受体相互作用蛋白激酶2 (RIP2) 主要在白细胞表达，在先天免疫中发挥重要作用。我们发现血小板表达高水平的RIP2，可能参与血小板活化(Circulation 2015)。EGFR酪氨酸激酶抑制剂吉非替尼临床上有出血副作用，原因不明。吉非替尼有RIP2酪氨酸激酶抑制剂活性。我们发现明显低于临床有效血药浓度的吉非替尼抑制血小板聚集和血小板RIP2酪氨酸磷酸化，提示吉非替尼可能通过抑制血小板RIP2发挥抗血小板作用。拟主要用RIP2 -/-小鼠研究：1) RIP2在血小板激活、血栓形成中的作用及机制；2) 吉非替尼抗血小板作用与RIP2的关系、机制; 3) 吉非替尼的抗血栓作用及机制。本研究将在RIP2功能、血小板激活、血栓形成的机制、吉非替尼的作用(明确其出血副作用的原因)方面提供许多非常重要的新知识, 并为吉非替尼出血副作用的防治、作为抗血小板药的临床应用提供重要的理论和实验依据。
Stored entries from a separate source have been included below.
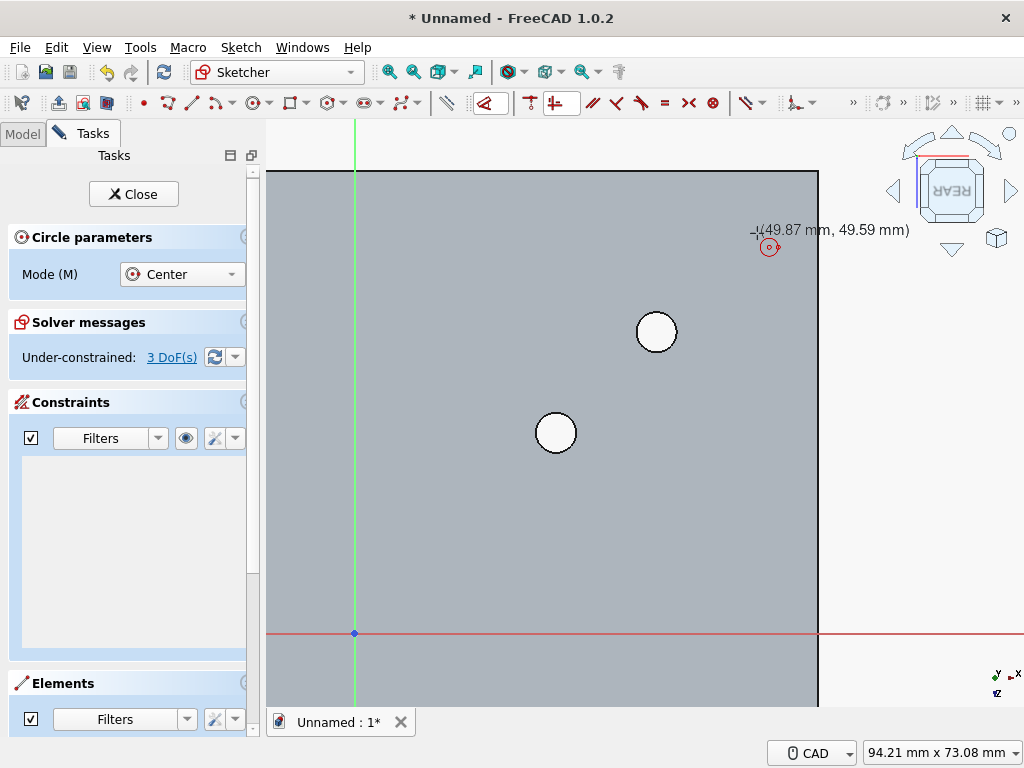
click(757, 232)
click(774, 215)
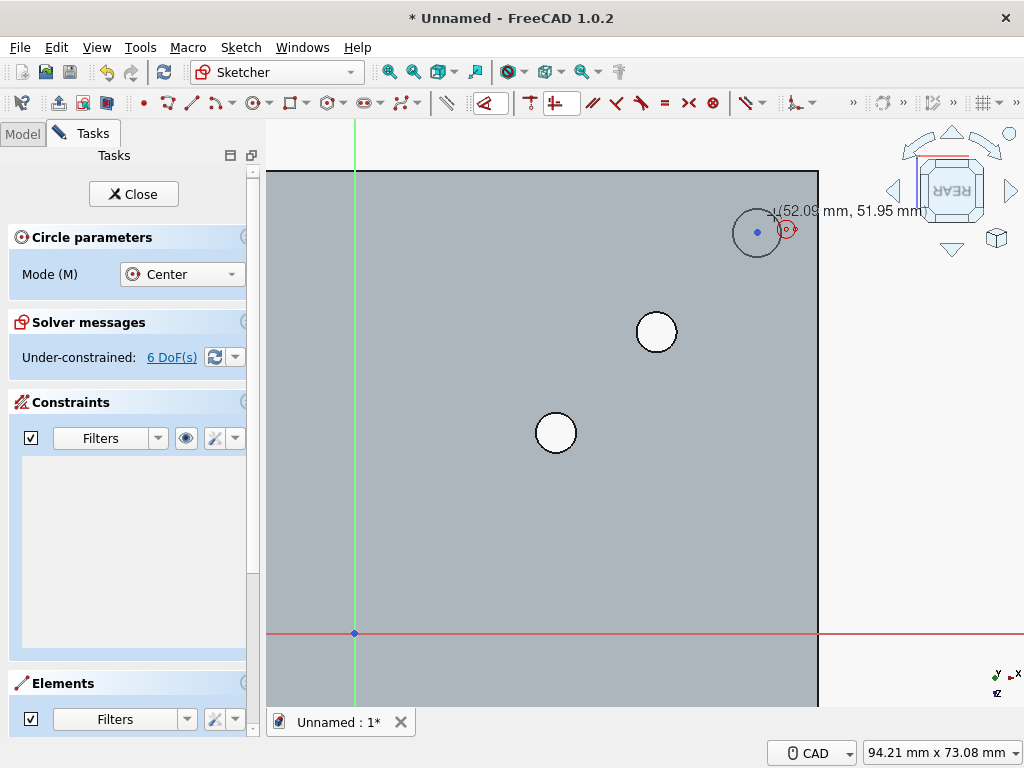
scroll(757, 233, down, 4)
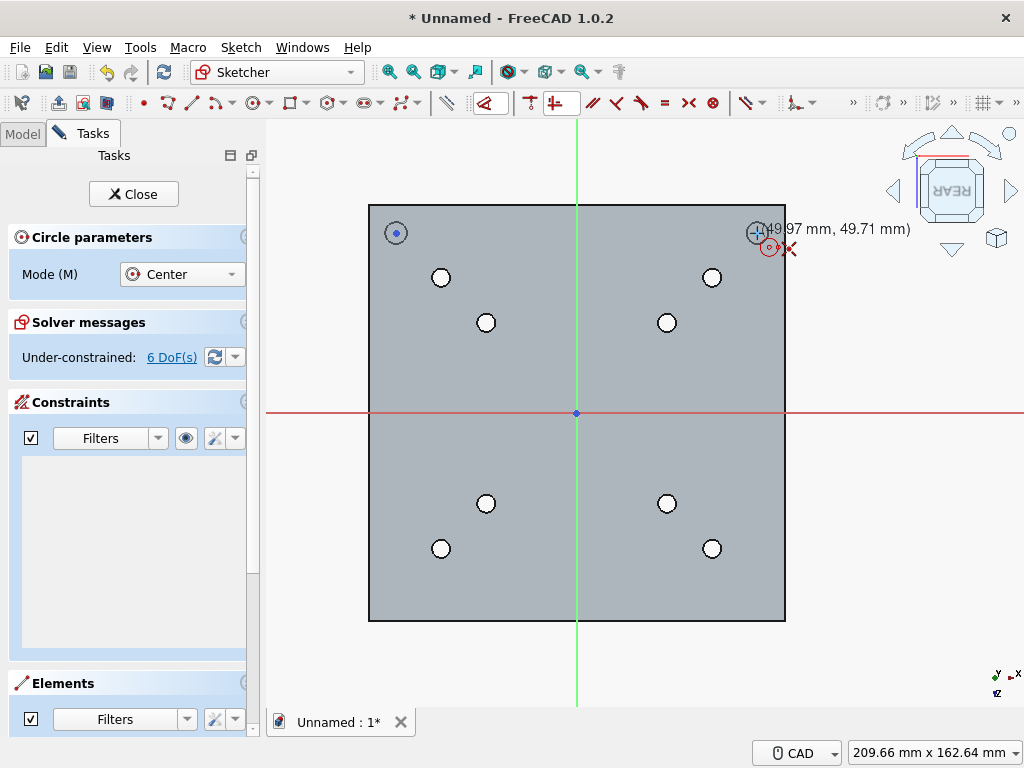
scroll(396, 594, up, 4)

Predominantly expressed in macrophages, RIP2 (receptor-interacting protein kinase 2) plays a pivotal role in innate immunity. We recently found that platelets express robust RIP2 with function unknown (Circulation 2015)..Gefitinib (Iressa) is an EGFR tyrosine kinase inhibitor clinically used for NSCLC (non-small cell lung cancer) bearing activating mutation of EGFR. As a target-directed anticancer drug (non-cytotoxic agent), gefitinib is generally well-tolerated. Gefitinib-related hemorrhage was reported with unknown mechanism. At nanomolar concentrations, gefitinib was found to inhibit RIP2 tyrosine phosphorylation in nucleated cells (Genes Dev 2010). We hypothesize that gefitinib may inhibit platelet activation as a RIP2 tyrosine kinase inhibitor and thus contribute to the bleeding events clinically. Our preliminary studies shows that 1) at 10 - 100 nM, gefitinib concentration-dependently inhibited human platelet aggregation induced by multiple agonists; 2) at 100 nM, gefitinib abolished thrombin-induced RIP2 tyrosine phosphorylation in platelets; 3) gefitinib orally given to mice prolonged bleeding time. We therefore propose that 1) platelet RIP2 plays an essential role in platelet activation, thrombosis, and hemostasis; 2) gefintib-induced bleeding results from platelet inhibition by gefitinib as a RIP2 tyrosine kinase inhibitor. We will explore the role of RIP2 in platelet activation, thrombosis, and hemostasis using RIP2 knockout mice. We will also investigate the role of gefitinib on platelet activation, thrombosis, and hemostasis using platelets from healthy donors (in vitro) and patients on gefitinib treatment (ex vivo). Mice (wild type and RIP2 knockout) dosed with and without gefitinib will also be used to study the role of gefitinib. RIP2 phosphorylation (Ser176 and Tyr) and downstream signal pathways (NFκB, MAPK, TXA2 et al) will be explored to elicit the mechanism of RIP2 in platelet activation and the antiplatelet effects of gefitinib..These studies will clarify the role of platelet RIP2 and the mechanism of gefitinib-induced bleeding. It will also shed novel insight into the prevention of gefitinib-related bleeding events as well as the use of gefitinib as a potential antiplatelet agent targeting RIP2.